Seems like a good idea, attractant and cover scent in one seems like to me since it blows with the wind.


----------



## bucksquatch (Nov 21, 2012)




----------



## Cheez (Dec 12, 2011)

My friend had one we used it as cover scent on the call and decoy with no luck though. I think I would try it again though in a better area.


----------



## Jonbnks (Jan 21, 2012)

My uncle has used these a couple times and never had any luck. Just watch out for when the wind is swirling.


----------



## bucksquatch (Nov 21, 2012)

Swirling wind is bad, makes sense lol. Don't feel like smelling like a coyote urinal


----------



## bones44 (Jan 7, 2011)

I used the Buckbomb this year and sprayed it on the bottom of my boot heading out. Had several little bucks follow my trail to where I sprayed it on vegetation in front of my stand. Sprayed a little in a scrape just to see what would happen. They destroyed the scrape to say the least. Worked for me.


----------



## bucksquatch (Nov 21, 2012)

Thanks bones!!! Finally someone who had a good experience, I really was hoping at least someone had a good experience, it just seems like such an easy way to attract deer rather than hanging strips everywhere. Baiting is illegal in MN


----------



## hassell (Feb 9, 2010)

Spraying on ones self is not a good idea if you have, wolves,lions and bears!!!!


----------



## bucksquatch (Nov 21, 2012)

hassell said:


> Spraying on ones self is not a good idea if you have, wolves,lions and bears!!!!


OH MY! lol


----------



## bones44 (Jan 7, 2011)

hassell said:


> Spraying on ones self is not a good idea if you have, wolves,lions and bears!!!!
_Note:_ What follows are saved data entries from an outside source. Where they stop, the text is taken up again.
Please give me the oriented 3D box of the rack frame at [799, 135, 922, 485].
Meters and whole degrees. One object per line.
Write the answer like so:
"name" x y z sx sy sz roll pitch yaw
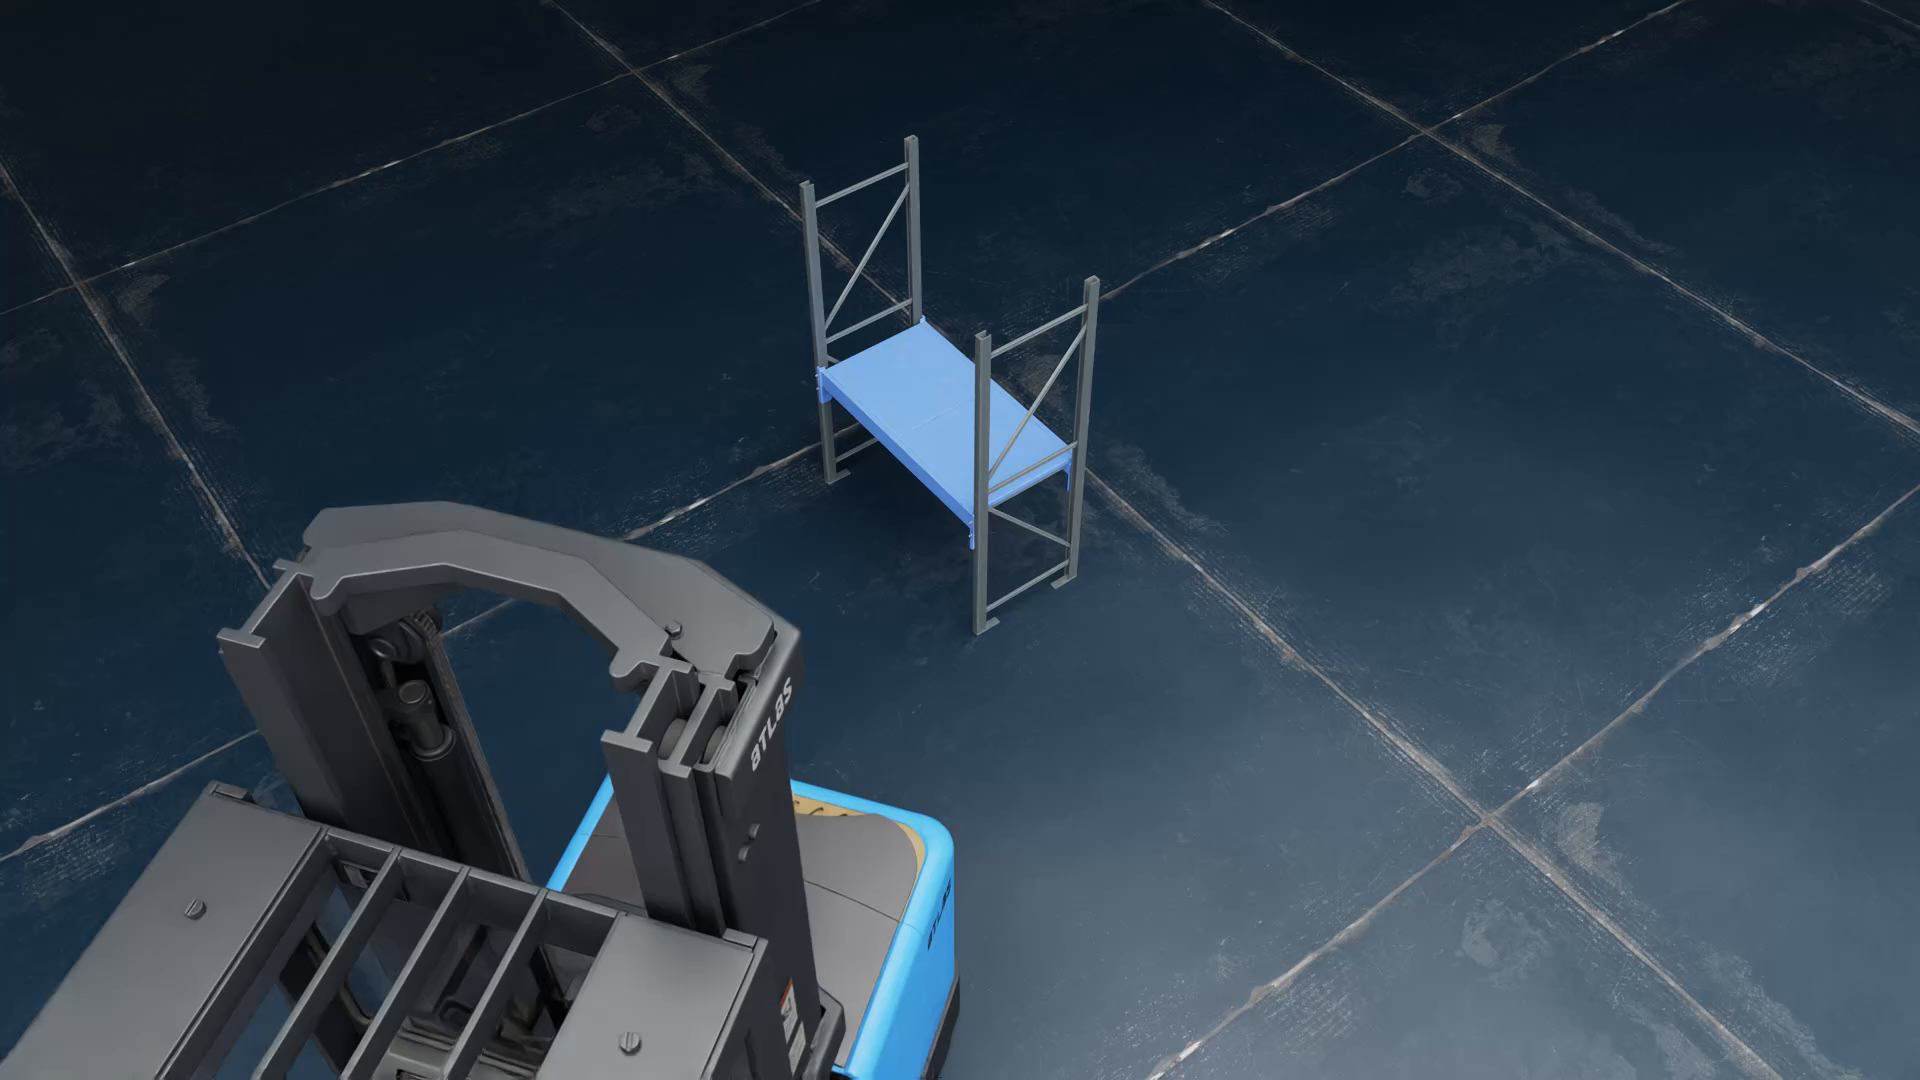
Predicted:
"rack frame" -0.359 -0.854 6.511 0.500 1.500 0.032 -29 54 -24

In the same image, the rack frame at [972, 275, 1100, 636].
"rack frame" 0.256 -0.254 5.967 0.500 1.500 0.032 -29 54 -24

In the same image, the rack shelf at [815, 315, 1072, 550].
"rack shelf" -0.052 -0.433 6.372 0.538 0.185 1.000 -29 54 -24

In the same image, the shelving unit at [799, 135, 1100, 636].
"shelving unit" -0.052 -0.554 6.239 0.538 1.500 1.048 -29 54 -24

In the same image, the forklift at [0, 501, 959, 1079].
"forklift" -0.927 1.456 3.451 1.130 2.935 3.031 13 49 12

Don't have any of those thankfully. I don't advocate spraying yourself to anyone. Shoulda cleared that one up. I sprayed a tiny little splash on the bottom of my rubber boot. I normally tie a rag to my boot and drag it but didn't have anything to do so that day.


----------



## fr3db3ar (Aug 6, 2011)

hassell said:


> Spraying on ones self is not a good idea if you have, wolves,lions and bears!!!!


Don't be a sissy. That's when you use the underarm deodorant version.

Doe in heat is also a nice one to wear


----------



## bucksquatch (Nov 21, 2012)

As far as I'm concerned bones younger bucks are fine with me, I'll shoot a spike if it comes in front of my stand (rather have a big doe in that scenario), but I was raised a meat hunter as far as deer are concerned. Not really concerned with the trophy buck, rifle season is too short to pass up meat in my freezer waiting for a bigger rack. I'm going to give this stuff a try next season


----------



## hassell (Feb 9, 2010)

bones44 said:


> Don't have any of those thankfully. I don't advocate spraying yourself to anyone. Shoulda cleared that one up. I sprayed a tiny little splash on the bottom of my rubber boot. I normally tie a rag to my boot and drag it but didn't have anything to do so that day.


 I know I've mentioned it before on site but a reminder was in order-- pretty well every season you'll read or hear of another(bow)hunter being treed by a grizzly or a lion that pretty well jumped in someones lap cause they had scent on their clothes and were calling.


----------



## bones44 (Jan 7, 2011)

I hear ya Rick and I should know better to post without some sort of warning. Coffee hadn't apprently kicked in just yet at that point. LOL Another note to that is a buck in rut will not know the difference between you and an actual doe. That is very well known. I felt like being a little adventuresome that day....


----------



## SHampton (Apr 20, 2012)

I might try the stuff for deer but I think it would be a waste of money for coyotes.


----------